- Opening Delimiter -
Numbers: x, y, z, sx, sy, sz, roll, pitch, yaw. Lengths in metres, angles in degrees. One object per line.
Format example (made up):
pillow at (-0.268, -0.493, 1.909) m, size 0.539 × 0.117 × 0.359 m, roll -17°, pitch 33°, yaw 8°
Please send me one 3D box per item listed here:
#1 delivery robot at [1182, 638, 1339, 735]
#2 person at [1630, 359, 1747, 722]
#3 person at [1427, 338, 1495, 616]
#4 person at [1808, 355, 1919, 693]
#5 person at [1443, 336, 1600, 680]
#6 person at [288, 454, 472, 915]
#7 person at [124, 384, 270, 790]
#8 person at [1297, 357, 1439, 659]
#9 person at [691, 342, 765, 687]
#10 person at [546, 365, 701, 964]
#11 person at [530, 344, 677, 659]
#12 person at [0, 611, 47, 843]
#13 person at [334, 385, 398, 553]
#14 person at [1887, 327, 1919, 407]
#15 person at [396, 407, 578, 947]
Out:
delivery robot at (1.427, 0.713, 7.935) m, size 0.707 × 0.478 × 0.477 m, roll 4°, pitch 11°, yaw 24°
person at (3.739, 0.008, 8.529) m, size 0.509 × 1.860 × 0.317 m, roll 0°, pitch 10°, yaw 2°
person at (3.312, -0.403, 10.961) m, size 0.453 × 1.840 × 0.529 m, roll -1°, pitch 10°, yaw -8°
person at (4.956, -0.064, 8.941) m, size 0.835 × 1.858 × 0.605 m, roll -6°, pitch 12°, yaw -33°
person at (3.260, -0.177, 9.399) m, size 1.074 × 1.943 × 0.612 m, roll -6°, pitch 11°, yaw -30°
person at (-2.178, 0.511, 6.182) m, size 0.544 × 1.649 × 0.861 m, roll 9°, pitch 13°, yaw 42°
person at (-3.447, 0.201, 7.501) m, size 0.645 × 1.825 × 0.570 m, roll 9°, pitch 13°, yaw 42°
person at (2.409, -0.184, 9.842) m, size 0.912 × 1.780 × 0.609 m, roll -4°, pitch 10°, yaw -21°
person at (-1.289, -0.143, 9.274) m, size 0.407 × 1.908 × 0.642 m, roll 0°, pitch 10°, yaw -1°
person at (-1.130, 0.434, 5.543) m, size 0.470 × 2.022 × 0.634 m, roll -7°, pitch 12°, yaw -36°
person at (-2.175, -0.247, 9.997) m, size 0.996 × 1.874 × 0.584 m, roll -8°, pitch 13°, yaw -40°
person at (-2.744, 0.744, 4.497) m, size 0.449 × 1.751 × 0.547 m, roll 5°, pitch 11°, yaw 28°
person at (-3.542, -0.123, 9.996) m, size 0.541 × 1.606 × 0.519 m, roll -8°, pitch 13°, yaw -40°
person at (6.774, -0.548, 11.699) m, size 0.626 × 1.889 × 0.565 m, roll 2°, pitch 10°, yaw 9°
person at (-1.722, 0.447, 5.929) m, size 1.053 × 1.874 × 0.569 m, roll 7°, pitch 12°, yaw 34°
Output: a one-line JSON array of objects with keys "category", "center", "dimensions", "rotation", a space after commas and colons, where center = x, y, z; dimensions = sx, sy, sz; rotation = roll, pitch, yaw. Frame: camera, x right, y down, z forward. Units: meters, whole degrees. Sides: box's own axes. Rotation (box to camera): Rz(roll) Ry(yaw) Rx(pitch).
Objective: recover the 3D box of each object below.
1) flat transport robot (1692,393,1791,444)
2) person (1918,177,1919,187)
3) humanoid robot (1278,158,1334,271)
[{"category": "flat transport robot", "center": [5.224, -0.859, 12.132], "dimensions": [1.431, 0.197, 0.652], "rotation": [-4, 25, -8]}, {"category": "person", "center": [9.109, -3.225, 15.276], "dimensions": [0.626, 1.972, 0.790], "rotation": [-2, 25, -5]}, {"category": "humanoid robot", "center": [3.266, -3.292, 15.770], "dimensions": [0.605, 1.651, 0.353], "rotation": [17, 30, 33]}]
- Closing Delimiter -
_PROBLEM DETAILS_
Of the entries above, repeat exactly the lines between the line with "#2 person at [1630, 359, 1747, 722]" and the line with "#15 person at [396, 407, 578, 947]", inclusive, and no others.

_RESULT FOR THIS TASK_
#2 person at [1630, 359, 1747, 722]
#3 person at [1427, 338, 1495, 616]
#4 person at [1808, 355, 1919, 693]
#5 person at [1443, 336, 1600, 680]
#6 person at [288, 454, 472, 915]
#7 person at [124, 384, 270, 790]
#8 person at [1297, 357, 1439, 659]
#9 person at [691, 342, 765, 687]
#10 person at [546, 365, 701, 964]
#11 person at [530, 344, 677, 659]
#12 person at [0, 611, 47, 843]
#13 person at [334, 385, 398, 553]
#14 person at [1887, 327, 1919, 407]
#15 person at [396, 407, 578, 947]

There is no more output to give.